* TASK TO COMPLETE
Every entry below needs to be copied exactly.

* DATA SHOWN
>>>>>

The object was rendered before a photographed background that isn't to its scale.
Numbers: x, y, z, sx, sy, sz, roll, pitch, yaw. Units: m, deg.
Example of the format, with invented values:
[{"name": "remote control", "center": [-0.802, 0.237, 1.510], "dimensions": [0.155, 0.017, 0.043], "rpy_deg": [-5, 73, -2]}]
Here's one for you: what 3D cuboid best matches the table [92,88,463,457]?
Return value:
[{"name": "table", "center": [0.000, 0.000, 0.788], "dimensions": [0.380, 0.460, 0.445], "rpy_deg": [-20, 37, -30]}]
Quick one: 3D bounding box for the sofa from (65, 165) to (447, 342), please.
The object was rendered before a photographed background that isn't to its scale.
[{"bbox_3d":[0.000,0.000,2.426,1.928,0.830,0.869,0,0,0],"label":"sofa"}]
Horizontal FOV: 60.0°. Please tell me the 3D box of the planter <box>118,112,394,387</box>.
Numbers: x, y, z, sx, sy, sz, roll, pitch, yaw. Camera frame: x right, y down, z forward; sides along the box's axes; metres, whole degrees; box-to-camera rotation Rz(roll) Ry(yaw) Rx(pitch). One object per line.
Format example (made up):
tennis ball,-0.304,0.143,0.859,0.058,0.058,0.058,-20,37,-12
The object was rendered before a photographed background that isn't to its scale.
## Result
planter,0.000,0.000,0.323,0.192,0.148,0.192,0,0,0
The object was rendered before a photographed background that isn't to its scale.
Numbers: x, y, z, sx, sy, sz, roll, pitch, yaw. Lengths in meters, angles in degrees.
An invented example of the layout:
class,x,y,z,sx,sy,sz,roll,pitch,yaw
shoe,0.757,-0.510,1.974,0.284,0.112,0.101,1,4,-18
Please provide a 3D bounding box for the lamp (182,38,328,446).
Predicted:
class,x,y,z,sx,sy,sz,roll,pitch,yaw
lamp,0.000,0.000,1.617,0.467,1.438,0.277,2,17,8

<<<<<

* EXERCISE RESULT
The object was rendered before a photographed background that isn't to its scale.
Numbers: x, y, z, sx, sy, sz, roll, pitch, yaw. Units: m, deg.
Example of the format, with invented values:
[{"name": "remote control", "center": [-0.802, 0.237, 1.510], "dimensions": [0.155, 0.017, 0.043], "rpy_deg": [-5, 73, -2]}]
Here's one for you: what 3D cuboid best matches the table [92,88,463,457]?
Return value:
[{"name": "table", "center": [0.000, 0.000, 0.788], "dimensions": [0.380, 0.460, 0.445], "rpy_deg": [-20, 37, -30]}]
Quick one: 3D bounding box for the sofa from (65, 165) to (447, 342), please.
The object was rendered before a photographed background that isn't to its scale.
[{"bbox_3d":[0.000,0.000,2.426,1.928,0.830,0.869,0,0,0],"label":"sofa"}]
Horizontal FOV: 60.0°. Please tell me the 3D box of the planter <box>118,112,394,387</box>.
Numbers: x, y, z, sx, sy, sz, roll, pitch, yaw. Camera frame: x right, y down, z forward; sides along the box's axes; metres, whole degrees; box-to-camera rotation Rz(roll) Ry(yaw) Rx(pitch). One object per line.
Format example (made up):
tennis ball,-0.304,0.143,0.859,0.058,0.058,0.058,-20,37,-12
The object was rendered before a photographed background that isn't to its scale.
## Result
planter,0.000,0.000,0.323,0.192,0.148,0.192,0,0,0
The object was rendered before a photographed background that isn't to its scale.
Numbers: x, y, z, sx, sy, sz, roll, pitch, yaw. Lengths in meters, angles in degrees.
An invented example of the layout:
class,x,y,z,sx,sy,sz,roll,pitch,yaw
shoe,0.757,-0.510,1.974,0.284,0.112,0.101,1,4,-18
Please provide a 3D bounding box for the lamp (182,38,328,446).
Predicted:
class,x,y,z,sx,sy,sz,roll,pitch,yaw
lamp,0.000,0.000,1.617,0.467,1.438,0.277,2,17,8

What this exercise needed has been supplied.